Berlin otwiera ogródki piwne
Od środy możliwe więc będzie w Berlinie organizowanie imprez kulturalnych do 250 osób pod gołym niebem. Wrócą rejsy statkami wycieczkowymi i wycieczki po mieście pod warunkiem przestrzegania zasad higieny. Hotele i inne obiekty noclegowe pozostają jednak zamknięte. Muzea, wystawy, miejsca pamięci mogą być również ponownie otwarte.
Ogródki piwne zostaną prawdopodobnie otwarte w czwartek wieczorem, potwierdza dziennikowi "Berliner Zeitung" administracja gospodarcza Senatu Berlina. Jednak z zastrzeżeniem, że "podawanie, dystrybucja i sprzedaż napojów alkoholowych jest zabronione między godziną 23 a 5 rano następnego dnia". Kawiarnie i restauracje zaproszą gości do swoich stolików na świeżym powietrzu najwcześniej w piątek.
Hamburg chce otworzyć catering, Szlezwik-Holsztyn przyjmuje turystów
Burmistrz Hamburga Peter Tschentscher ogłosił w niedzielę, że chce ponownie otworzyć catering na świeżym powietrzu w Zielone Świątki, czyli w niedzielę. Senat oficjalnie podejmie decyzję we wtorek.
Szlezwik-Holsztyn od poniedziałku przyjmuje turystów.

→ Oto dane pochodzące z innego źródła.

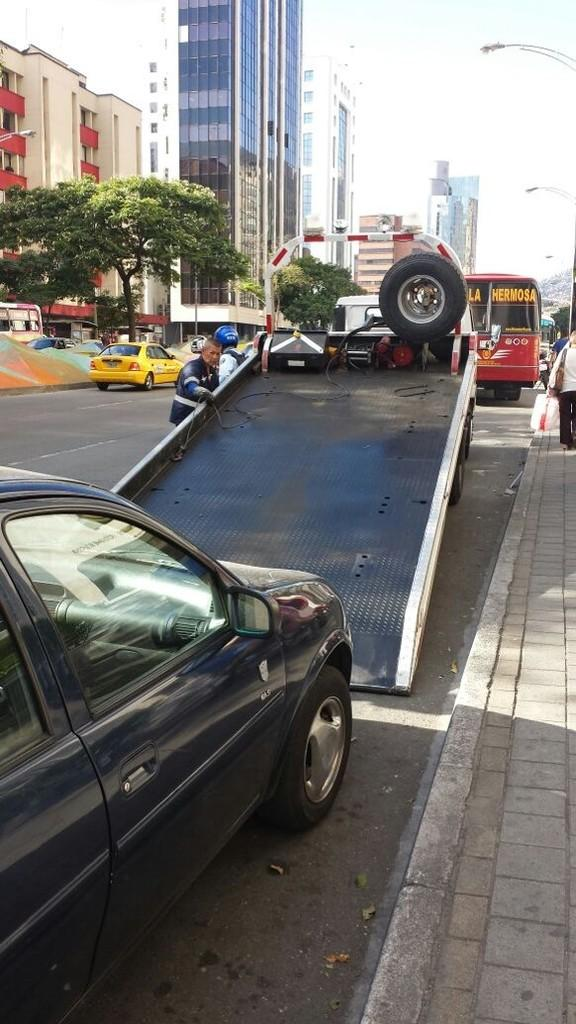What is happening to the car in the image? A car is being towed onto a truck in the image. What else can be seen on the road in the image? There are other vehicles on the road in the image. What is visible in the background of the image? There are buildings and trees in the background of the image. What type of skirt is the car wearing in the image? Cars do not wear skirts; the question is not applicable to the image.

Hotele zostały ponownie otwarte, łodzie wycieczkowe, mogą zabierać gości na pokład. Dyrektor generalny stowarzyszenia hoteli i restauracji Dehoga, Ingrid Hartges, wezwała inne kraje do wzięcia przykładu z północnego kraju związkowego.
Minister zdrowia wzywa do ostrożnego otwarcia
W związku z łagodzeniem zasad lockdownu minister zdrowia Jens Spahn wystosował list do krajów związkowych, w którym wezwał do ostrożnego otwarcia. Nie powinno być "politycznego wyścigu do poluzowań" - stwierdza dokument, do którego dotarł dziennik "Handelsblatt".
W Niemczech podano do tej pory ponad 40 milionów dawek szczepionek przeciwko koronawirusowi, poinformował. Prawie 31 milionów, czyli 37 procent Niemców zaszczepiło się przynajmniej raz. Ponad dziewięć milionów osób otrzymałoby dwie szczepionki, a tym samym pełną ochronę.